__Task prompt__:
The result should be an exact copy of every record, with no pictures kept.

+++ Data provided

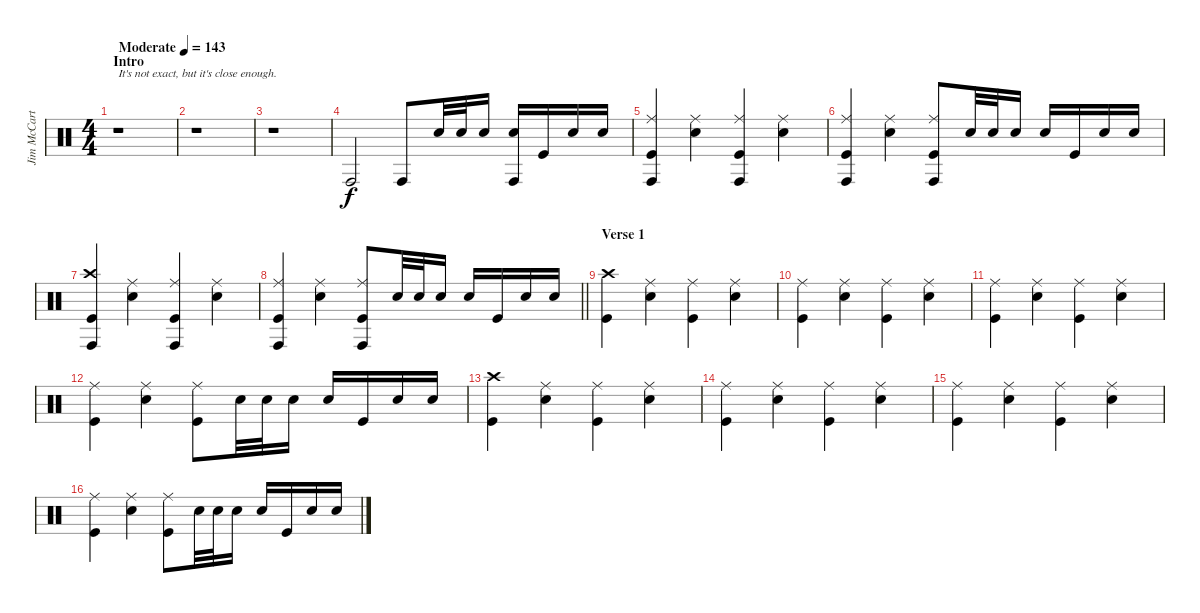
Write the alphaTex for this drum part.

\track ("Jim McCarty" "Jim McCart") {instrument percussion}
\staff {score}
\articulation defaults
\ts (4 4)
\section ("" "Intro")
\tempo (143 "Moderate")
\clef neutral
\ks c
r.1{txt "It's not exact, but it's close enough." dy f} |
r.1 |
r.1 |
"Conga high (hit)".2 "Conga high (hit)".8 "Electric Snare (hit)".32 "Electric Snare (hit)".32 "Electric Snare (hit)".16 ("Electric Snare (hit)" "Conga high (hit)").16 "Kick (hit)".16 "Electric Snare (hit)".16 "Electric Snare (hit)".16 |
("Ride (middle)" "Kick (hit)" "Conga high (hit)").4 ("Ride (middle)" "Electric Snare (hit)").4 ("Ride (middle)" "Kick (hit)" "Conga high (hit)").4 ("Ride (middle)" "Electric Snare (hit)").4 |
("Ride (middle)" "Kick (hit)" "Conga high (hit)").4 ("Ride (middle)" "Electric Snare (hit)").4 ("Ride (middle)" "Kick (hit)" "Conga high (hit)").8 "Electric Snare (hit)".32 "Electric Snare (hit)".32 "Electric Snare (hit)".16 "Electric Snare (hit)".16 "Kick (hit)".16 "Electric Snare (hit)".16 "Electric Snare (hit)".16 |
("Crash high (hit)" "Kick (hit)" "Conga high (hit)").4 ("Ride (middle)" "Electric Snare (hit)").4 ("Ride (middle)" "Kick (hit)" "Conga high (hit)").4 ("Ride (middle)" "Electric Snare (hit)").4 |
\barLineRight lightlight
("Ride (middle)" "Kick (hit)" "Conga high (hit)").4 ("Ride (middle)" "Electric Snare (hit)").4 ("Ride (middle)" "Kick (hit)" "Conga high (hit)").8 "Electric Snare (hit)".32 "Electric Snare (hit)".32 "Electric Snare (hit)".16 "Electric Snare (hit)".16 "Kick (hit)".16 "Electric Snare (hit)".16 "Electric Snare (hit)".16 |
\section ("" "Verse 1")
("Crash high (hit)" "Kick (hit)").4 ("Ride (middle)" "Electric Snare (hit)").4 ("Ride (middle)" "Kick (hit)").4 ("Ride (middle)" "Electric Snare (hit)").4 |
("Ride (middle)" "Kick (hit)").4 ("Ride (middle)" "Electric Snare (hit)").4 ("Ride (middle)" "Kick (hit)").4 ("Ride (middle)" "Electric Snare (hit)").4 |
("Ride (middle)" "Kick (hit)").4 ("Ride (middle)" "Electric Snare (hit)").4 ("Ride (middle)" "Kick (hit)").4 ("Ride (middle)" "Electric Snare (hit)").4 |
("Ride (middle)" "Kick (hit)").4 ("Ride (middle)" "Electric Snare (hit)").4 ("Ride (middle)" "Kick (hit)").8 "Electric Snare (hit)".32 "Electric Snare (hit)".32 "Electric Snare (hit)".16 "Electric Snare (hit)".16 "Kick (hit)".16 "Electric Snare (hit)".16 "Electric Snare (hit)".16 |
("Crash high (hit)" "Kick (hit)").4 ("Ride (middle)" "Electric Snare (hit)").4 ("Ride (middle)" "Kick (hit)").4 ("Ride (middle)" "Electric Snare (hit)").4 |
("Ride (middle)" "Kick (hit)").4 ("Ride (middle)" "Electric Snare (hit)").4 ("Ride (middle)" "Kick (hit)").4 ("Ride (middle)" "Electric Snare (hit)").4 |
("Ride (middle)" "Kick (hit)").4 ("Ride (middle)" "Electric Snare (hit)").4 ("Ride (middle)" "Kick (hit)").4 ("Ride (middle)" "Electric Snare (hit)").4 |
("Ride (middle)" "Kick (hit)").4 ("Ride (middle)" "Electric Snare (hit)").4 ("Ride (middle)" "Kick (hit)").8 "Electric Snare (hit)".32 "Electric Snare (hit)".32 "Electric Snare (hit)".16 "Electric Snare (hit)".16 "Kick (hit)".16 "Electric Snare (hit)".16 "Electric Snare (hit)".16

++++++

__Exercise answer__:
Write the alphaTex for this drum part.

\track ("Jim McCarty" "Jim McCart") {instrument percussion}
\staff {score}
\articulation defaults
\ts (4 4)
\section ("" "Intro")
\tempo (143 "Moderate")
\clef neutral
\ks c
r.1{txt "It's not exact, but it's close enough." dy f} |
r.1 |
r.1 |
"Conga high (hit)".2 "Conga high (hit)".8 "Electric Snare (hit)".32 "Electric Snare (hit)".32 "Electric Snare (hit)".16 ("Electric Snare (hit)" "Conga high (hit)").16 "Kick (hit)".16 "Electric Snare (hit)".16 "Electric Snare (hit)".16 |
("Ride (middle)" "Kick (hit)" "Conga high (hit)").4 ("Ride (middle)" "Electric Snare (hit)").4 ("Ride (middle)" "Kick (hit)" "Conga high (hit)").4 ("Ride (middle)" "Electric Snare (hit)").4 |
("Ride (middle)" "Kick (hit)" "Conga high (hit)").4 ("Ride (middle)" "Electric Snare (hit)").4 ("Ride (middle)" "Kick (hit)" "Conga high (hit)").8 "Electric Snare (hit)".32 "Electric Snare (hit)".32 "Electric Snare (hit)".16 "Electric Snare (hit)".16 "Kick (hit)".16 "Electric Snare (hit)".16 "Electric Snare (hit)".16 |
("Crash high (hit)" "Kick (hit)" "Conga high (hit)").4 ("Ride (middle)" "Electric Snare (hit)").4 ("Ride (middle)" "Kick (hit)" "Conga high (hit)").4 ("Ride (middle)" "Electric Snare (hit)").4 |
\barLineRight lightlight
("Ride (middle)" "Kick (hit)" "Conga high (hit)").4 ("Ride (middle)" "Electric Snare (hit)").4 ("Ride (middle)" "Kick (hit)" "Conga high (hit)").8 "Electric Snare (hit)".32 "Electric Snare (hit)".32 "Electric Snare (hit)".16 "Electric Snare (hit)".16 "Kick (hit)".16 "Electric Snare (hit)".16 "Electric Snare (hit)".16 |
\section ("" "Verse 1")
("Crash high (hit)" "Kick (hit)").4 ("Ride (middle)" "Electric Snare (hit)").4 ("Ride (middle)" "Kick (hit)").4 ("Ride (middle)" "Electric Snare (hit)").4 |
("Ride (middle)" "Kick (hit)").4 ("Ride (middle)" "Electric Snare (hit)").4 ("Ride (middle)" "Kick (hit)").4 ("Ride (middle)" "Electric Snare (hit)").4 |
("Ride (middle)" "Kick (hit)").4 ("Ride (middle)" "Electric Snare (hit)").4 ("Ride (middle)" "Kick (hit)").4 ("Ride (middle)" "Electric Snare (hit)").4 |
("Ride (middle)" "Kick (hit)").4 ("Ride (middle)" "Electric Snare (hit)").4 ("Ride (middle)" "Kick (hit)").8 "Electric Snare (hit)".32 "Electric Snare (hit)".32 "Electric Snare (hit)".16 "Electric Snare (hit)".16 "Kick (hit)".16 "Electric Snare (hit)".16 "Electric Snare (hit)".16 |
("Crash high (hit)" "Kick (hit)").4 ("Ride (middle)" "Electric Snare (hit)").4 ("Ride (middle)" "Kick (hit)").4 ("Ride (middle)" "Electric Snare (hit)").4 |
("Ride (middle)" "Kick (hit)").4 ("Ride (middle)" "Electric Snare (hit)").4 ("Ride (middle)" "Kick (hit)").4 ("Ride (middle)" "Electric Snare (hit)").4 |
("Ride (middle)" "Kick (hit)").4 ("Ride (middle)" "Electric Snare (hit)").4 ("Ride (middle)" "Kick (hit)").4 ("Ride (middle)" "Electric Snare (hit)").4 |
("Ride (middle)" "Kick (hit)").4 ("Ride (middle)" "Electric Snare (hit)").4 ("Ride (middle)" "Kick (hit)").8 "Electric Snare (hit)".32 "Electric Snare (hit)".32 "Electric Snare (hit)".16 "Electric Snare (hit)".16 "Kick (hit)".16 "Electric Snare (hit)".16 "Electric Snare (hit)".16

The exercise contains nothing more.